> _Task brief_:
If a line below includes the string "drawing", copy it.

Input for this task: Begin

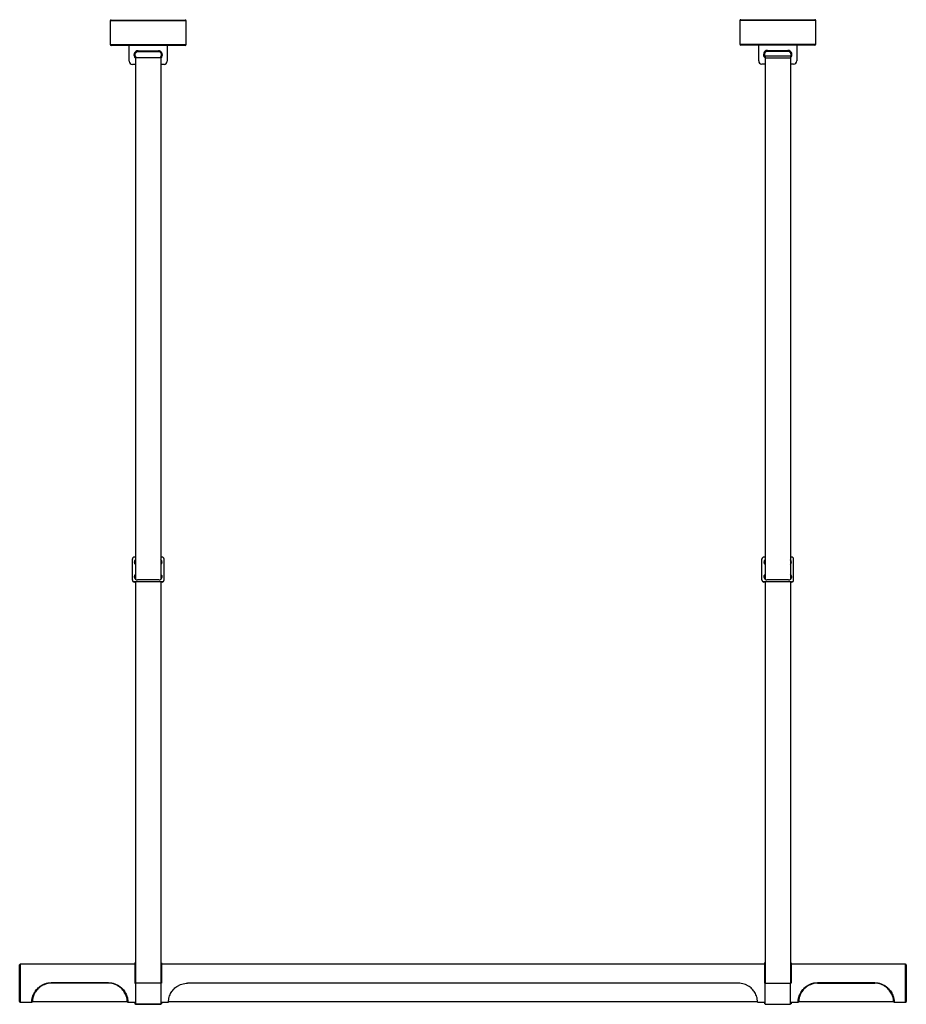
# Model space of a CAD drawing. Header units: millimetres. Extents: x -607 to 793, y -19 to 1535.
import ezdxf

# ---------------------------------------------------------------- set-up
doc = ezdxf.new("R2010")
doc.units = ezdxf.units.MM

msp = doc.modelspace()

# ---------------------------------------------------------------- linework, layer by layer
at = {"color": 7, "linetype": 'Continuous', "lineweight": 25}
for p, q in [((-464.1, 1532.9), (-464.1, 1495.9)), ((-462.6, 1534.4), (-345.6, 1534.4)), ((-344.1, 1495.9), (-344.1, 1532.9)), ((529.9, 1533.4), (529.9, 1496.4)), ((531.4, 1534.9), (648.4, 1534.9)), ((649.9, 1496.4), (649.9, 1533.4)), ((-345.6, 1494.4), (-462.6, 1494.4)), ((-434.1, 1469.4), (-434.1, 1494.4)), ((-374.1, 1494.4), (-374.1, 1469.4)), ((648.4, 1494.9), (531.4, 1494.9)), ((559.9, 1469.9), (559.9, 1494.9)), ((619.9, 1494.9), (619.9, 1469.9)), ((-424.1, 1477.3), (-424.1, 1474.9)), ((-420.1, 1484.4), (-420.1, 1485.9)), ((-420.1, 1485.9), (-388.1, 1485.9)), ((-388.1, 1484.4), (-420.1, 1484.4)), ((-388.1, 1485.9), (-388.1, 1484.4)), ((-384.1, 1477.3), (-384.1, 1474.9)), ((609.9, 1477.3), (569.9, 1477.3)), ((569.9, 1477.3), (569.9, 1474.9)), ((573.9, 1486.4), (605.9, 1486.4)), ((573.9, 1484.9), (573.9, 1486.4)), ((605.9, 1484.9), (573.9, 1484.9)), ((605.9, 1486.4), (605.9, 1484.9)), ((609.9, 1477.3), (609.9, 1474.9)), ((-424.1, 1464.4), (-429.1, 1464.4)), ((-384.1, 1474.9), (-424.1, 1474.9)), ((-379.1, 1464.4), (-384.1, 1464.4)), ((569.9, 1464.9), (564.9, 1464.9)), ((569.9, 1474.9), (609.9, 1474.9)), ((614.9, 1464.9), (609.9, 1464.9)), ((-424.1, 686.6), (-426.1, 686.6)), ((-382.1, 686.6), (-384.1, 686.6)), ((569.9, 686.6), (567.9, 686.6)), ((611.9, 686.6), (609.9, 686.6)), ((-429.1, 650.2), (-429.1, 683.7)), ((-379.1, 650.2), (-379.1, 683.7)), ((564.9, 650.2), (564.9, 683.7)), ((614.9, 650.2), (614.9, 683.7)), ((-382.1, 647.8), (-426.1, 647.8)), ((-426.1, 647.8), (-426.1, 647.3)), ((-424.1, 647.3), (-426.1, 647.3)), ((-387.1, 650.7), (-421.1, 650.7)), ((-382.1, 647.3), (-384.1, 647.3)), ((-382.1, 647.3), (-382.1, 647.8)), ((567.9, 647.8), (567.9, 647.3)), ((611.9, 647.8), (567.9, 647.8)), ((569.9, 647.3), (567.9, 647.3)), ((606.9, 650.7), (572.9, 650.7)), ((611.9, 647.3), (609.9, 647.3)), ((611.9, 647.3), (611.9, 647.8)), ((-607.1, -15), (-607.1, 43)), ((-425.1, 44), (-606.1, 44)), ((-424.1, 46.5), (-425.1, 46.5)), ((-425.1, 46.5), (-425.1, 14)), ((-424.1, 46.5), (-424.1, -19.2)), ((-383.1, 46.5), (-384.1, 46.5)), ((-384.1, 46.5), (-384.1, -19.2)), ((-383.1, 46.5), (-383.1, 14)), ((568.9, 44), (-383.1, 44)), ((569.9, 46.5), (568.9, 46.5)), ((568.9, 46.5), (568.9, 14)), ((610.9, 46.5), (609.9, 46.5)), ((610.9, 46.5), (610.9, 14)), ((791.9, 44), (610.9, 44)), ((792.9, 43), (792.9, -15)), ((-557.1, 15.1), (-467, 15.1)), ((-467, 14), (-557.1, 14)), ((-425.1, 14), (-424.1, 14)), ((-384.1, 14.3), (-424.1, 14.3)), ((-384.1, 14), (-383.1, 14)), ((527.9, 14), (-342, 14)), ((569.9, 14), (568.9, 14)), ((569.9, -19.2), (569.9, 14.3)), ((569.9, 14.3), (609.9, 14.3)), ((609.9, -19.2), (609.9, 14.3)), ((610.9, 14), (609.9, 14)), ((652.9, 15.1), (743, 15.1)), ((652.9, 14), (743, 14)), ((-587.1, -15), (-437.1, -15)), ((-372.1, -15), (557.9, -15)), ((622.9, -15), (772.9, -15)), ((-606.1, -16), (-588, -16)), ((-436.1, -16), (-424.1, -16)), ((-425.1, -16), (-425.1, -18.5)), ((-425.1, -18.5), (-424.1, -18.5)), ((-424.1, -19.2), (-384.1, -19.2)), ((-384.1, -19.2), (-424.1, -19.2)), ((-384.1, -16), (-372.1, -16)), ((-384.1, -18.5), (-383.1, -18.5)), ((-383.1, -16), (-383.1, -18.5)), ((557.9, -16), (569.9, -16)), ((568.9, -16), (568.9, -18.5)), ((569.9, -18.5), (568.9, -18.5)), ((569.9, -19.2), (609.9, -19.2)), ((609.9, -16), (622, -16)), ((610.9, -18.5), (609.9, -18.5)), ((610.9, -16), (610.9, -18.5)), ((773.9, -16), (791.9, -16))]:
    msp.add_line(p, q, dxfattribs=at)
at = {"color": 8, "linetype": 'Continuous', "lineweight": 25}
for p, q in [((-344.1, 1532.9), (-464.1, 1532.9)), ((649.9, 1533.4), (529.9, 1533.4)), ((-464.1, 1495.9), (-344.1, 1495.9)), ((529.9, 1496.4), (649.9, 1496.4)), ((-606.1, 44), (-606.1, -16)), ((791.9, -16), (791.9, 44))]:
    msp.add_line(p, q, dxfattribs=at)
at = {"color": 7, "linetype": 'Continuous', "lineweight": 25}
for centre, radius, start, end in [((-462.6, 1532.9), 1.5, 90, 180), ((-345.6, 1532.9), 1.5, 0, 90), ((531.4, 1533.4), 1.5, 90, 180), ((648.4, 1533.4), 1.5, 360, 90), ((-462.6, 1495.9), 1.5, 180, 270), ((-345.6, 1495.9), 1.5, 270, 0), ((531.4, 1496.4), 1.5, 180, 270), ((648.4, 1496.4), 1.5, 270, 0), ((-420.1, 1479.4), 5, 90, 216.8699), ((-388.1, 1479.4), 5, 323.1301, 90), ((573.9, 1479.9), 5, 90, 216.8699), ((605.9, 1479.9), 5, 323.1301, 90), ((-429.1, 1469.4), 5, 180, 270), ((-379.1, 1469.4), 5, 270, 360), ((564.9, 1469.9), 5, 180, 270), ((614.9, 1469.9), 5, 270, 0), ((-426.1, 683.6), 2.96, 89.1265, 179.099), ((-382, 683.6), 2.96, 0.901, 90.8735), ((567.9, 683.6), 2.96, 89.1265, 179.099), ((612, 683.6), 2.96, 0.901, 90.8735), ((-421.3, 678.8), 4.77, 126.0575, 234.1848), ((-421.3, 678.3), 4.8, 126.1328, 176.8043), ((-386.9, 678.8), 4.77, 306.7259, 53.5435), ((-386.9, 678.3), 4.8, 3.1935, 53.4665), ((572.7, 678.8), 4.77, 126.0575, 234.1848), ((572.7, 678.3), 4.8, 126.1328, 176.8043), ((607.1, 678.8), 4.77, 306.7259, 53.5435), ((607.1, 678.3), 4.8, 3.1935, 53.4665), ((-421.2, 655.6), 4.83, 126.4225, 271.738), ((-421.3, 655.1), 4.8, 125.8951, 176.803), ((-386.9, 655.6), 4.83, 268.3534, 52.572), ((-386.9, 655.1), 4.8, 3.1921, 53.2021), ((572.8, 655.6), 4.83, 126.4225, 271.738), ((572.7, 655.1), 4.8, 125.8951, 176.803), ((607.1, 655.6), 4.83, 268.3534, 52.572), ((607.1, 655.1), 4.8, 3.1921, 53.2021), ((-426.1, 650.8), 2.96, 180.901, 270.8735), ((-426.1, 650.3), 2.96, 180.901, 270.8735), ((-382, 650.8), 2.96, 269.1265, 359.099), ((-382, 650.3), 2.96, 269.1265, 359.099), ((567.9, 650.8), 2.96, 180.901, 270.8735), ((567.9, 650.3), 2.96, 180.901, 270.8735), ((612, 650.8), 2.96, 269.1265, 359.099), ((612, 650.3), 2.96, 269.1265, 359.099), ((-606.1, 43), 1, 90, 180), ((791.9, 43), 1, 360, 90), ((-606.1, -15), 1, 180, 270), ((791.9, -15), 1, 270, 0)]:
    msp.add_arc(centre, radius, start, end, dxfattribs=at)
at = {"color": 8, "linetype": 'Continuous', "lineweight": 25}
for centre, start, end in [((-420.1, 1479.4), 90, 231.2833), ((-388.1, 1479.4), 308.4256, 90), ((573.9, 1479.9), 90, 231.6554), ((605.9, 1479.9), 308.4256, 90)]:
    msp.add_arc(centre, 6.5, start, end, dxfattribs=at)
at = {"color": 7, "linetype": 'Continuous', "lineweight": 25}
for points, knots in [([(-424.1, 1474.9), (-424.1, 1444.3), (-424.1, 1382.9), (-424.1, 1290.4), (-424.1, 1197), (-424.1, 1102.7), (-424.1, 1014.3), (-424.1, 932), (-424.1, 855.7), (-424.1, 778.7), (-424.1, 710.6), (-424.1, 668.1), (-424.1, 651.5)], [0, 0, 0, 0, 0.1113611, 0.2236936, 0.3370769, 0.4515852, 0.5672901, 0.6590863, 0.7516988, 0.8451626, 0.9395137, 1, 1, 1, 1]), ([(-384.1, 1474.9), (-384.1, 1444.3), (-384.1, 1382.9), (-384.1, 1290.4), (-384.1, 1197), (-384.1, 1102.7), (-384.1, 1014.3), (-384.1, 932), (-384.1, 855.7), (-384.1, 778.7), (-384.1, 710.6), (-384.1, 668.1), (-384.1, 651.5)], [0, 0, 0, 0, 0.111366, 0.223703, 0.337092, 0.451605, 0.567315, 0.659115, 0.751732, 0.8452, 0.939555, 1, 1, 1, 1]), ([(569.9, 1474.9), (569.9, 1444.3), (569.9, 1382.9), (569.9, 1290.4), (569.9, 1197), (569.9, 1102.7), (569.9, 1014.3), (569.9, 932), (569.9, 855.7), (569.9, 778.7), (569.9, 710.6), (569.9, 668.1), (569.9, 651.5)], [0, 0, 0, 0, 0.111361, 0.223694, 0.337077, 0.451585, 0.56729, 0.659086, 0.751699, 0.845163, 0.939514, 1, 1, 1, 1]), ([(609.9, 1474.9), (609.9, 1444.3), (609.9, 1382.9), (609.9, 1290.4), (609.9, 1197), (609.9, 1102.7), (609.9, 1014.3), (609.9, 932), (609.9, 855.7), (609.9, 778.7), (609.9, 710.6), (609.9, 668.1), (609.9, 651.5)], [0, 0, 0, 0, 0.111366, 0.223703, 0.337092, 0.451605, 0.567315, 0.659115, 0.751732, 0.8452, 0.939555, 1, 1, 1, 1]), ([(-424.1, 647.3), (-424.1, 639.2), (-424.1, 614.5), (-424.1, 573.3), (-424.1, 523.6), (-424.1, 473.5), (-424.1, 423.1), (-424.1, 372.4), (-424.1, 321.3), (-424.1, 270.1), (-424.1, 227.8), (-424.1, 194.7), (-424.1, 171), (-424.1, 148.2), (-424.1, 127.9), (-424.1, 110.1), (-424.1, 94.9), (-424.1, 80.6), (-424.1, 68.3), (-424.1, 57.7), (-424.1, 48.9), (-424.1, 40.9), (-424.1, 33.9), (-424.1, 28.2), (-424.1, 23.7), (-424.1, 20.3), (-424.1, 17.6), (-424.1, 15.7), (-424.1, 14.7), (-424.1, 14.3)], [0, 0, 0, 0, 0.038637, 0.116614, 0.195094, 0.274091, 0.353618, 0.43369, 0.514322, 0.595503, 0.676085, 0.714786, 0.752387, 0.788565, 0.822996, 0.848613, 0.872796, 0.895388, 0.916231, 0.931541, 0.945551, 0.95818, 0.969346, 0.978966, 0.985385, 0.990753, 0.995019, 0.998111, 1, 1, 1, 1]), ([(-384.1, 647.3), (-384.1, 639.2), (-384.1, 614.5), (-384.1, 573.3), (-384.1, 523.6), (-384.1, 473.5), (-384.1, 423.1), (-384.1, 372.4), (-384.1, 321.3), (-384.1, 270.1), (-384.1, 227.8), (-384.1, 194.7), (-384.1, 171), (-384.1, 148.2), (-384.1, 127.9), (-384.1, 110.1), (-384.1, 94.9), (-384.1, 80.6), (-384.1, 68.3), (-384.1, 57.7), (-384.1, 48.9), (-384.1, 40.9), (-384.1, 33.9), (-384.1, 28.2), (-384.1, 23.7), (-384.1, 20.3), (-384.1, 17.6), (-384.1, 15.7), (-384.1, 14.7), (-384.1, 14.3)], [0, 0, 0, 0, 0.038637, 0.116614, 0.195094, 0.274091, 0.353618, 0.43369, 0.514322, 0.595503, 0.676085, 0.714786, 0.752387, 0.788565, 0.822996, 0.848613, 0.872796, 0.895388, 0.916231, 0.931541, 0.945551, 0.95818, 0.969346, 0.978966, 0.985385, 0.990753, 0.995019, 0.998111, 1, 1, 1, 1]), ([(569.9, 647.3), (569.9, 639.2), (569.9, 614.5), (569.9, 573.3), (569.9, 523.6), (569.9, 473.5), (569.9, 423.1), (569.9, 372.4), (569.9, 321.3), (569.9, 270.1), (569.9, 227.8), (569.9, 194.7), (569.9, 171), (569.9, 148.2), (569.9, 127.9), (569.9, 110.1), (569.9, 94.9), (569.9, 80.6), (569.9, 68.3), (569.9, 57.7), (569.9, 48.9), (569.9, 40.9), (569.9, 33.9), (569.9, 28.2), (569.9, 23.7), (569.9, 20.3), (569.9, 17.6), (569.9, 15.7), (569.9, 14.7), (569.9, 14.3)], [0, 0, 0, 0, 0.038637, 0.116614, 0.195094, 0.274091, 0.353618, 0.43369, 0.514322, 0.595503, 0.676085, 0.714786, 0.752387, 0.788565, 0.822996, 0.848613, 0.872796, 0.895388, 0.916231, 0.931541, 0.945551, 0.95818, 0.969346, 0.978966, 0.985385, 0.990753, 0.995019, 0.998111, 1, 1, 1, 1]), ([(609.9, 647.3), (609.9, 639.2), (609.9, 614.5), (609.9, 573.3), (609.9, 523.6), (609.9, 473.5), (609.9, 423.1), (609.9, 372.4), (609.9, 321.3), (609.9, 270.1), (609.9, 227.8), (609.9, 194.7), (609.9, 171), (609.9, 148.2), (609.9, 127.9), (609.9, 110.1), (609.9, 94.9), (609.9, 80.6), (609.9, 68.3), (609.9, 57.7), (609.9, 48.9), (609.9, 40.9), (609.9, 33.9), (609.9, 28.2), (609.9, 23.7), (609.9, 20.3), (609.9, 17.6), (609.9, 15.7), (609.9, 14.7), (609.9, 14.3)], [0, 0, 0, 0, 0.038637, 0.116614, 0.195094, 0.274091, 0.353618, 0.43369, 0.514322, 0.595503, 0.676085, 0.714786, 0.752387, 0.788565, 0.822996, 0.848613, 0.872796, 0.895388, 0.916231, 0.931541, 0.945551, 0.95818, 0.969346, 0.978966, 0.985385, 0.990753, 0.995019, 0.998111, 1, 1, 1, 1]), ([(-562.3, 13.5), (-563.7, 13.2), (-566.5, 12.6), (-570.5, 10.9), (-574, 8.8), (-577.1, 6.4), (-579.8, 3.7), (-582, 0.7), (-583.9, -2.5), (-585.3, -5.8), (-586.2, -8.9), (-586.7, -11.4), (-586.9, -13.4), (-587, -14.6), (-587, -15.1), (-587, -15), (-587, -15)], [0, 0, 0, 0, 0.075443, 0.150297, 0.225124, 0.292071, 0.35898, 0.428406, 0.497814, 0.57739, 0.657033, 0.741018, 0.825061, 0.909506, 0.993961, 1, 1, 1, 1]), ([(-557.1, 14), (-557.1, 14), (-557.1, 14.1), (-557.1, 14.2), (-557.1, 14.3), (-557.1, 14.4), (-557.1, 14.6), (-557.1, 14.8), (-557.1, 14.9), (-557.1, 15.1)], [0, 0, 0, 0, 0.25, 0.25, 0.5, 0.5, 0.75, 0.75, 1, 1, 1, 1]), ([(-467, 14), (-467, 14), (-467, 14.1), (-467, 14.2), (-467, 14.3), (-467, 14.4), (-467, 14.6), (-467, 14.8), (-467, 14.9), (-467, 15.1)], [0, 0, 0, 0, 0.25, 0.25, 0.5, 0.5, 0.75, 0.75, 1, 1, 1, 1]), ([(-437.1, -15), (-437.1, -15), (-437.1, -15.1), (-437.1, -14.6), (-437.2, -13.5), (-437.3, -11.8), (-437.7, -9.7), (-438.3, -7.2), (-439.3, -4.5), (-440.8, -1.4), (-442.8, 1.8), (-445.4, 4.8), (-448.6, 7.7), (-452.5, 10.4), (-457.1, 12.5), (-460.3, 13.2), (-461.8, 13.5)], [0, 0, 0, 0, 0.007133, 0.08958, 0.174178, 0.245589, 0.318554, 0.385073, 0.453234, 0.524165, 0.597551, 0.667969, 0.740484, 0.828074, 0.918586, 1, 1, 1, 1]), ([(-372.1, -15.9), (-372.1, -15.9), (-372.1, -16.1), (-372.1, -15.6), (-372, -14.4), (-371.8, -12.2), (-371.4, -9.4), (-370.5, -6.1), (-369, -2.6), (-367, 0.8), (-364.7, 3.8), (-361.9, 6.6), (-358.7, 9.1), (-355, 11.2), (-350.9, 12.8), (-346.5, 13.8), (-343.5, 14), (-342, 14)], [0, 0, 0, 0, 0.004087, 0.081908, 0.161982, 0.239763, 0.320022, 0.393588, 0.469995, 0.533627, 0.599319, 0.659991, 0.72212, 0.789144, 0.857714, 0.928035, 1, 1, 1, 1]), ([(557.9, -15.9), (557.9, -15.9), (557.9, -16.1), (557.9, -15.6), (557.9, -14.4), (557.7, -12.2), (557.3, -9.4), (556.3, -6.1), (554.9, -2.6), (552.9, 0.8), (550.6, 3.8), (547.8, 6.6), (544.6, 9.1), (540.9, 11.2), (536.8, 12.8), (532.4, 13.8), (529.4, 14), (527.9, 14)], [0, 0, 0, 0, 0.004087, 0.081908, 0.161982, 0.239763, 0.320022, 0.393588, 0.469995, 0.533627, 0.599319, 0.659991, 0.72212, 0.789144, 0.857714, 0.928035, 1, 1, 1, 1]), ([(647.7, 13.5), (646.3, 13.2), (643.5, 12.6), (639.5, 10.9), (636, 8.8), (632.9, 6.4), (630.2, 3.7), (628, 0.7), (626.1, -2.5), (624.7, -5.8), (623.8, -8.8), (623.3, -11.4), (623.1, -13.4), (623, -14.6), (623, -15.1), (623, -15), (623, -15)], [0, 0, 0, 0, 0.075437, 0.149468, 0.225111, 0.291287, 0.358963, 0.427312, 0.497802, 0.575896, 0.65703, 0.739738, 0.825056, 0.908384, 0.993949, 1, 1, 1, 1]), ([(652.9, 14), (652.9, 14), (652.9, 14.1), (652.9, 14.2), (652.9, 14.3), (652.9, 14.4), (652.9, 14.6), (652.9, 14.8), (652.9, 14.9), (652.9, 15.1)], [0, 0, 0, 0, 0.25, 0.25, 0.5, 0.5, 0.75, 0.75, 1, 1, 1, 1]), ([(743, 14), (743, 14), (743, 14.1), (743, 14.2), (743, 14.3), (743, 14.4), (743, 14.6), (743, 14.8), (743, 14.9), (743, 15.1)], [0, 0, 0, 0, 0.25, 0.25, 0.5, 0.5, 0.75, 0.75, 1, 1, 1, 1]), ([(772.9, -15), (772.9, -15), (772.9, -15.1), (772.9, -14.6), (772.8, -13.5), (772.7, -11.8), (772.3, -9.7), (771.7, -7.2), (770.7, -4.5), (769.2, -1.4), (767.2, 1.8), (764.6, 4.8), (761.4, 7.8), (757.4, 10.4), (752.9, 12.5), (749.7, 13.2), (748.2, 13.5)], [0, 0, 0, 0, 0.007129, 0.090658, 0.174179, 0.246384, 0.31856, 0.385919, 0.453241, 0.525397, 0.597549, 0.668989, 0.740479, 0.829498, 0.918581, 1, 1, 1, 1]), ([(-588, -15.9), (-588, -16), (-587.8, -16), (-587.6, -15.9), (-587.3, -15.7), (-587.2, -15.5), (-587.1, -15.4), (-587.1, -15.3), (-587.1, -15.3)], [0, 0, 0, 0, 0.104813, 0.397207, 0.630023, 0.826005, 0.990863, 1, 1, 1, 1]), ([(-437, -15.3), (-437, -15.3), (-437, -15.4), (-436.9, -15.6), (-436.7, -15.8), (-436.4, -15.9), (-436.2, -15.9), (-436.1, -15.9)], [0, 0, 0, 0, 0.025643, 0.227381, 0.509587, 0.795091, 1, 1, 1, 1]), ([(622, -15.9), (622, -16), (622.2, -16), (622.4, -15.9), (622.7, -15.7), (622.8, -15.5), (622.9, -15.4), (622.9, -15.3), (622.9, -15.3)], [0, 0, 0, 0, 0.105038, 0.397504, 0.630377, 0.826408, 0.991307, 1, 1, 1, 1]), ([(773, -15.3), (773, -15.3), (773, -15.4), (773.1, -15.6), (773.3, -15.8), (773.6, -15.9), (773.8, -15.9), (773.9, -15.9)], [0, 0, 0, 0, 0.025293, 0.227129, 0.509472, 0.795115, 1, 1, 1, 1])]:
    msp.add_open_spline(points, degree=3, knots=knots, dxfattribs=at)
at = {"color": 8, "linetype": 'Continuous', "lineweight": 25}
for points, knots in [([(-588, -15.9), (-588, -15.9), (-588, -16.1), (-588, -15.5), (-587.9, -14.3), (-587.7, -12.2), (-587.2, -9.4), (-586.2, -6.1), (-584.8, -2.7), (-582.9, 0.8), (-580.6, 3.9), (-577.8, 6.8), (-574.6, 9.5), (-571, 11.7), (-566.7, 13.5), (-562.1, 14.8), (-558.8, 15), (-557.1, 15.1)], [0, 0, 0, 0, 0.007538, 0.083026, 0.160654, 0.236145, 0.313982, 0.38594, 0.460518, 0.523598, 0.58861, 0.64933, 0.711478, 0.778854, 0.847794, 0.922867, 1, 1, 1, 1]), ([(-467, 15.1), (-465.3, 15), (-461.9, 14.8), (-456.8, 13.4), (-452.1, 11.2), (-448, 8.4), (-444.7, 5.2), (-442, 2), (-439.9, -1.4), (-438.4, -4.7), (-437.4, -7.7), (-436.7, -10.3), (-436.4, -12.5), (-436.2, -14.4), (-436.1, -15.5), (-436.1, -16.1), (-436.1, -15.9), (-436.1, -15.9)], [0, 0, 0, 0, 0.078795, 0.157592, 0.238835, 0.320034, 0.385806, 0.45154, 0.518143, 0.584748, 0.646626, 0.708531, 0.774372, 0.840234, 0.915979, 0.991728, 1, 1, 1, 1]), ([(622, -15.9), (622, -15.9), (622, -16.1), (622, -15.5), (622.1, -14.3), (622.3, -12.2), (622.8, -9.4), (623.8, -6.1), (625.2, -2.6), (627.1, 0.8), (629.5, 4), (632.2, 6.9), (635.4, 9.5), (639.1, 11.7), (643.3, 13.6), (648, 14.8), (651.3, 15), (652.9, 15.1)], [0, 0, 0, 0, 0.007539, 0.084101, 0.160658, 0.237342, 0.313986, 0.387274, 0.460514, 0.524551, 0.588601, 0.650022, 0.711472, 0.779623, 0.847792, 0.923897, 1, 1, 1, 1]), ([(743, 15.1), (744.7, 15), (748.1, 14.8), (753.1, 13.4), (757.9, 11.2), (762, 8.4), (765.3, 5.2), (767.9, 2), (770.1, -1.4), (771.6, -4.7), (772.6, -7.6), (773.3, -10.3), (773.6, -12.5), (773.8, -14.4), (773.9, -15.5), (773.9, -16.1), (773.9, -15.9), (773.9, -15.9)], [0, 0, 0, 0, 0.077646, 0.157591, 0.237494, 0.320033, 0.384885, 0.451541, 0.517054, 0.584756, 0.645869, 0.708537, 0.773632, 0.840237, 0.91494, 0.991728, 1, 1, 1, 1])]:
    msp.add_open_spline(points, degree=3, knots=knots, dxfattribs=at)
at = {"color": 7, "linetype": 'Continuous', "lineweight": 25}
for points in [[(-557.1, 14), (-558.8, 14), (-560.6, 13.9), (-562.3, 13.5)], [(-461.8, 13.5), (-463.5, 13.9), (-465.3, 14), (-467, 14)], [(652.9, 14), (651.2, 14), (649.4, 13.9), (647.7, 13.5)], [(748.2, 13.5), (746.5, 13.9), (744.7, 14), (743, 14)]]:
    msp.add_open_spline(points, degree=3, dxfattribs=at)

doc.saveas('drawing.dxf')

Input for this task: End

> _Response for this exercise_:
# Model space of a CAD drawing. Header units: millimetres. Extents: x -607 to 793, y -19 to 1535.
doc.saveas('drawing.dxf')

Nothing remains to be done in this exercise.